Certeiro e fulminante como um tiro na testa.
Alguém se arrisca a contestar, ressalvar ou contemporizar?
Que se apresente.
E agora José? A festa acabou …
É quase impossível refutar quaisquer dos pontos levantados pelo editorial. Quando adolescente, adorava jogar xadrez. Sempre que a situação ficava feia, eu me perguntava: se Bobby Fisher estivesse aqui, o que ele faria? Ou bem esperaria que o adversário cometesse um erro crasso – inverossímil no grande cenário – ou, no máximo, ele conseguiria travar o jogo e descolar um empate. O mesmo nos perguntamos hoje. Ora, quando Levy, o ministro-fiador, fala de tijolo a tijolo, está fazendo uma exortação à moda de Churchill para que não acreditemos na retomada da farra. E que nos preparemos para tempos de suor e lágrimas.
Mas a história também se lê nas pequenas coisas. Às 18:15 dessa aprazível sexta-feira paulistana, num pequeno mercado de iguarias dos Jardins, um dos homens mais representativos do País – não só pela alta função que ocupa, mas pelo preparo e honradez – fazia compras.
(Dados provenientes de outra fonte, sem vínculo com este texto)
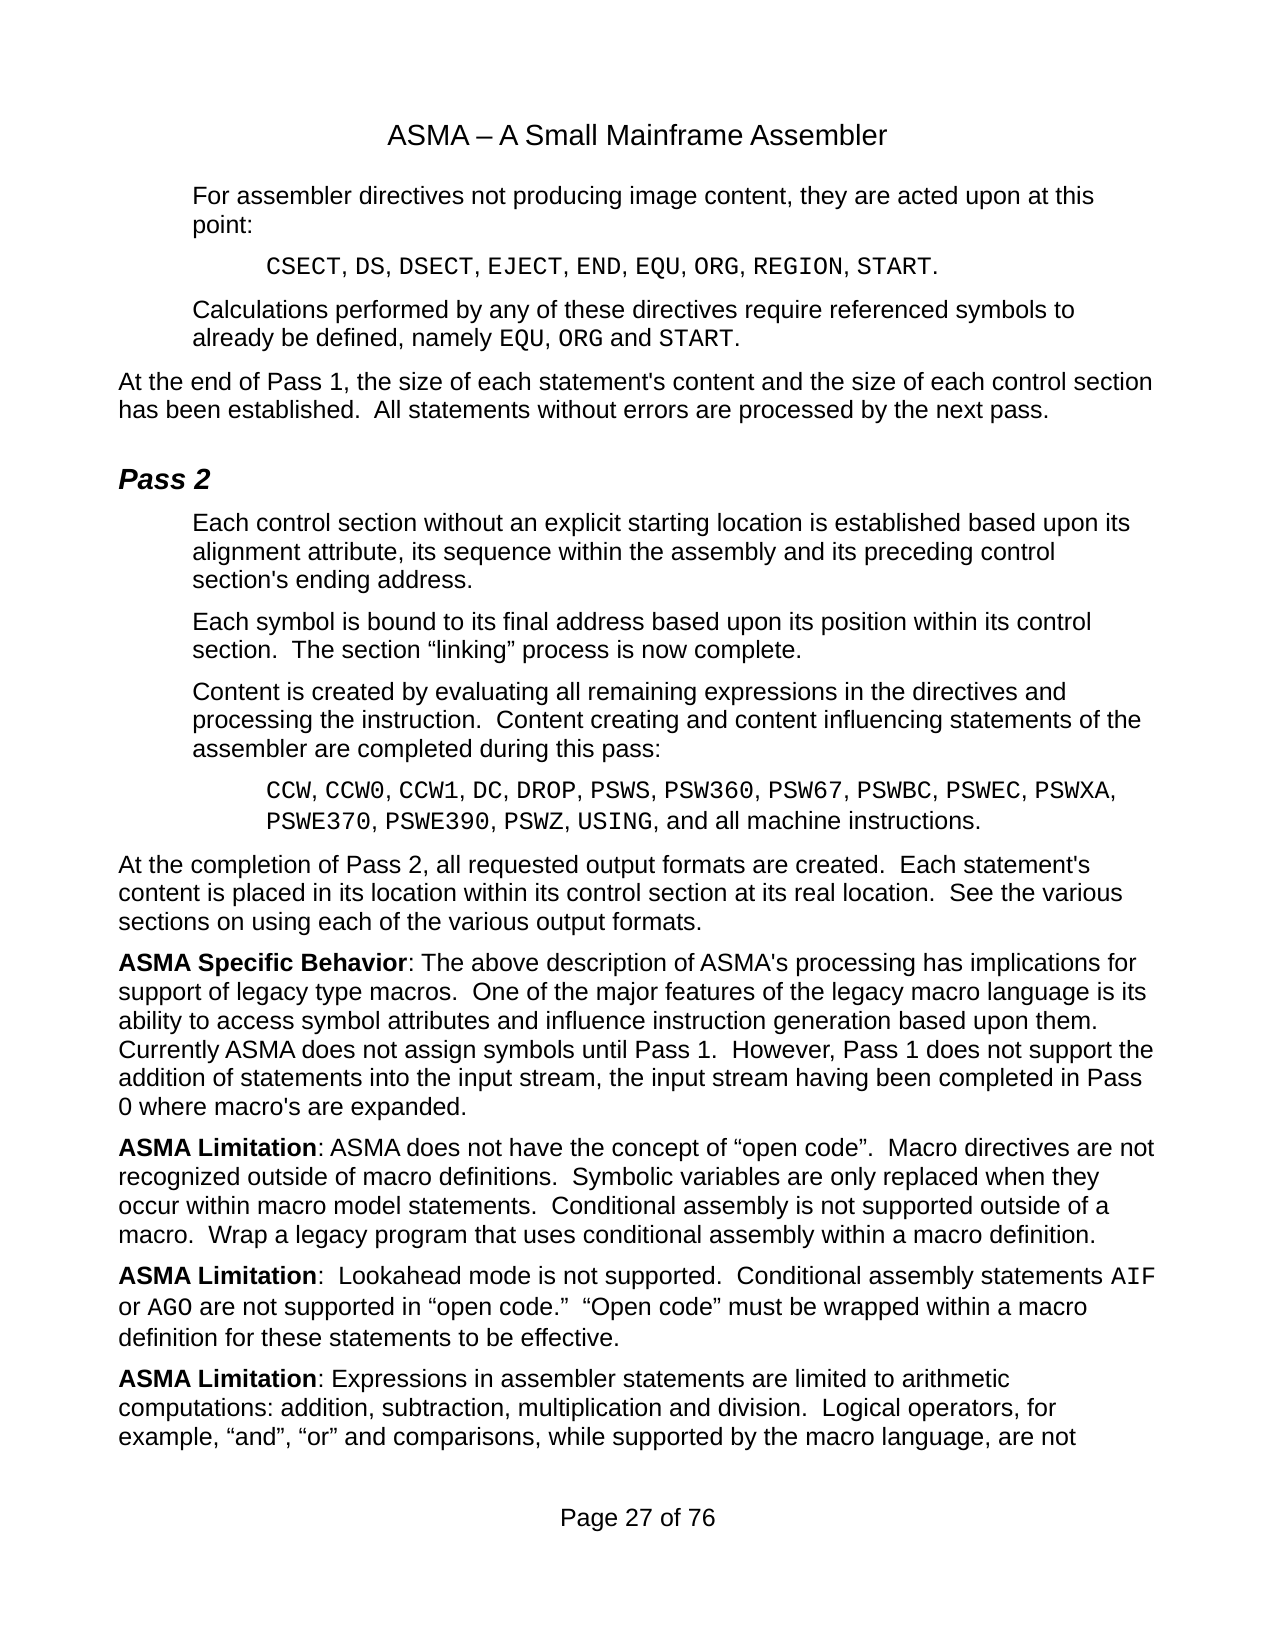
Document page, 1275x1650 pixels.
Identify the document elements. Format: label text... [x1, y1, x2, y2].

text CSECT, DS, DSECT, EJECT, END, EQU, ORG, REGION, START. [266, 251, 1157, 282]
text At the completion of Pass 2, all requested output formats are created. Each statement's content is placed in its location within its control section at its real location. See the various sections on using each of the various output formats. [118, 850, 1157, 936]
text For assembler directives not producing image content, they are acted upon at this point: [192, 181, 1157, 239]
subtitle Pass 2 [118, 462, 1157, 495]
text Each symbol is bound to its final address based upon its position within its control section. The section “linking” process is now complete. [192, 607, 1157, 664]
text ASMA Limitation: Lookahead mode is not supported. Conditional assembly statements AIF or AGO are not supported in “open code.” “Open code” must be wrapped within a macro definition for these statements to be effective. [118, 1261, 1157, 1352]
text ASMA Limitation: ASMA does not have the concept of “open code”. Macro directives are not recognized outside of macro definitions. Symbolic variables are only replaced when they occur within macro model statements. Conditional assembly is not supported outside of a macro. Wrap a legacy program that uses conditional assembly within a macro definition. [118, 1133, 1157, 1248]
text ASMA Limitation: Expressions in assembler statements are limited to arithmetic computations: addition, subtraction, multiplication and division. Logical operators, for example, “and”, “or” and comparisons, while supported by the macro language, are not [118, 1364, 1157, 1450]
text Calculations performed by any of these directives require referenced symbols to already be defined, namely EQU, ORG and START. [192, 294, 1157, 354]
text ASMA Specific Behavior: The above description of ASMA's processing has implications for support of legacy type macros. One of the major features of the legacy macro language is its ability to access symbol attributes and influence instruction generation based upon them. Currently ASMA does not assign symbols until Pass 1. However, Pass 1 does not support the addition of statements into the input stream, the input stream having been completed in Pass 0 where macro's are expanded. [118, 948, 1157, 1121]
text CCW, CCW0, CCW1, DC, DROP, PSWS, PSW360, PSW67, PSWBC, PSWEC, PSWXA, PSWE370, PSWE390, PSWZ, USING, and all machine instructions. [266, 775, 1157, 837]
text Each control section without an explicit starting location is established based upon its alignment attribute, its sequence within the assembly and its preceding control section's ending address. [192, 508, 1157, 594]
text At the end of Pass 1, the size of each statement's content and the size of each control section has been established. All statements without errors are processed by the next pass. [118, 367, 1157, 424]
text Content is created by evaluating all remaining expressions in the directives and processing the instruction. Content creating and content influencing statements of the assembler are completed during this pass: [192, 677, 1157, 763]

Meticuloso, colocava óculos para ler os rótulos dos produtos invariavelmente “light”, escolhidos pelos componentes nutritivos. Na fila do caixa, fiquei atrás dele e vi-o pagar R$215,82 por suco de soja, linhaça, aveia, torrada sueca “light”, cogumelos brancos, “nirá”, pão de oito grãos, dentes de alho, duas laranjas grandes entre outras coisas. O que quero dizer com isso? Que apesar de ter tido um dia 5 de junho ingrato, ele estava ali. Digno e altivo.
Ora, não é fácil o sujeito ver seus pares de governo ser vaiados em restaurantes – Haddad, Padilha e Mantega – e se expor como cidadão a um lugar onde, se identificado, suscitaria reações negativas dos exaltados. Ponto para ele. Em segundo, a alimentação austera atesta que pretende viver muito; logo que não acredita no dilúvio inevitável. Terceiro, tem fé no que faz, apesar de ter visto hoje seus critérios questionados e mexidos. Quarto, pagou com cartão de crédito – modalidade que gente de juízo evita. Quinto, tinha cédulas de dois reais bem acondicionadas na carteira, o que indica que a moeda não caiu em descrédito total. Sexto e último, não havia ali uma gota de bebida para desligar no fim de semana.
Saindo do mexerico de costumes e indo para uma seara cara aos leitores dessa revista, o carrinho desse homem austero me remeteu ao que me disse certa feita um terapeuta. Quando lhe consultei sobre aceitar ou não uma função pública que muito me envaideceria, mas que me forçaria a fazer concessões a padrões de poder, e não só aos de resultados – ótica da iniciativa privada -, Dr. Simões saiu do mutismo e foi sentencioso. Só um monossílabo poderia iluminar minha dúvida: fé. Ou eu a tinha ou não. E deu por encerrada a sessão. Não aceitei o cargo oferecido. Moral da história: sim, tem gente de alta octanagem que se comporta como se ainda tivéssemos um amanhã. Fica, portanto, a reflexão otimista para desopilar.
Quando chegou minha vez, tirei metade das cervejas que levava no carrinho. Quero viver para ver a virada.
Será?
Fernando
UM ARTIGO, (EDITORIAL), QUE SÓ TEMOS QUE APLAUDIR, ATÉ PELA SIMPLICIDADE DE EXPOR A VERDADE DOS FATOS.